Der zweite Kritikpunkt betrifft das Selbstbestimmungsgesetz (SBGG) und die Landesstrafvollzugsgesetze. „Kunz“ schreibt:
„Das SBBG ist ein Bundesgesetz! Weitere Vorgaben ergeben sich aus dem Gesetz SBBG §6 Der Vollzug in Justizanstalten ist gesetzlich und verordnungsmäßig auf Länderebene angesiedelt.“
Recht hat der Mensch! Nur ist es so, dass auch ich nichts anderes in meinem Text behaupte. Mehr noch: Ich betone gerade diesen Unterschied und spreche – richtigerweise – vom „SBGG“ (und nicht: „SBBG“). Siehe nur: „Denn das SBGG ist das eine und die Landesstrafvollzugsgesetze mit ihren Vorgaben zur Geschlechtertrennung und Anstaltssicherheit sind das andere. Man muss differenzieren.“
Ich habe allerdings ein leichtes Störgefühl, wenn „Kunz“ von „Justizanstalt“ und „verordnungsmäßig auf Länderebene angesiedelt“ spricht. Der Begriff „Justizanstalt“ mag in Österreich typisch sein, in Deutschland ist er untypisch. Schon das frühere Bundesstrafvollzugsgesetz von 1976 verwendete stattdessen (in § 1) den Begriff „Justizvollzugsanstalten“, man liest daher verkürzt auch oft den Begriff „JVA“. Auch die Formulierung „verordnungsmäßig auf Länderebene angesiedelt“ erscheint mir in diesem Zusammenhang zumindest unpassend, denn es geht doch um die Gesetzgebungskompetenz der Länder im Bereich des Strafvollzugs. Diese Kompetenz ergibt sich aber aus dem Grundgesetz, also der Verfassung. Übrigens: Das Bundesstrafvollzugsgesetz gilt, was das Verfahrensrecht angeht, weiterhin fort (vgl. §§ 109 ff. StVollzG) – trotz des Übergangs der Gesetzgebungskompetenz im Zuge der Föderalismusreform im Jahre 2006 und der mittlerweile bestehenden 16 Landesstrafvollzugsgesetze.

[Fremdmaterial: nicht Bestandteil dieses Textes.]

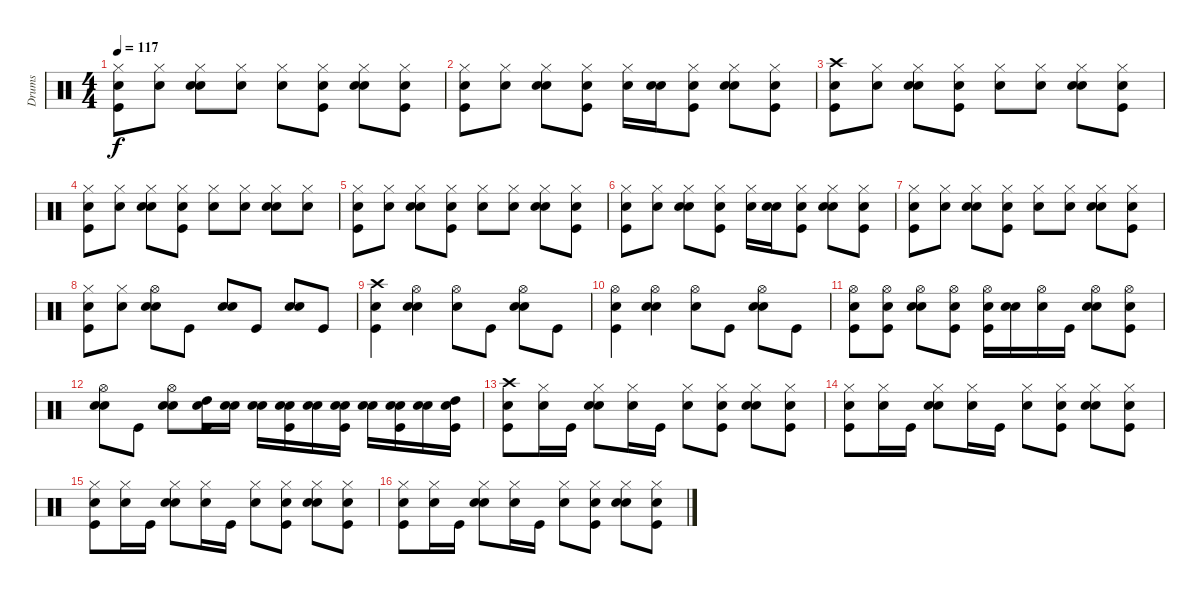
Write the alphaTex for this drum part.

Ich weise die kunzsche Kritik daher zurück.
II. Offenes Visier
Einen Punkt möchte ich ansprechen, der über die Kritik hinausgeht, nämlich das fehlende offene Visier. Natürlich dürfen Hinz und Kunz Kritik üben wie sie möchten. Und natürlich dürfen sie dabei auch auf Fehler hinweisen. Wenn ich jedoch „Kunz“ lese, muss ich unweigerlich daran denken, dass ich mal einen hohen politischen Beamten kannte, der mir riet, ich solle doch lieber unter einem Pseudonym bloggen, er hätte kritische Leserkommentare immer unter einem Pseudonym geschrieben – das sei taktisch schlauer. Eine solche Haltung lehne ich jedoch ab.
Im Gegenteil: Ich möchte dafür werben – auch und gerade bei Kritik im Internet –, mit Klarnamen zu schreiben. Das hat etwas mit Verantwortung, aber auch mit Mut zu tun. Denn mal ehrlich: Wir haben schon genug Trolle und Hetzer, die anonym ihre Botschaften verbreiten. Es geht jedoch darum, auch Verantwortung für seine Meinung zu übernehmen und sich der eigenen Worte bewusst zu sein. Anonymität ermöglicht oft eine Form der Enthemmung, die in vielen Fällen nicht zielführend ist. Wer mit seinem echten Namen für seine Meinung eintritt, zeigt eine Haltung und Integrität.
Im konkreten Fall wäre es spannend gewesen, zu wissen, ob „Kunz“ österreichischer Strafvollzugsrechtler, konservativer Politiker oder besorgter Bürger ist. Und ob es ihm wirklich um Fehler im Text oder bloß darum geht, Stimmung gegen die dort geäußerte Meinung zu machen.
Am Ende bleibt mein Wunsch nach einem offenen und respektvollen Meinungsaustausch.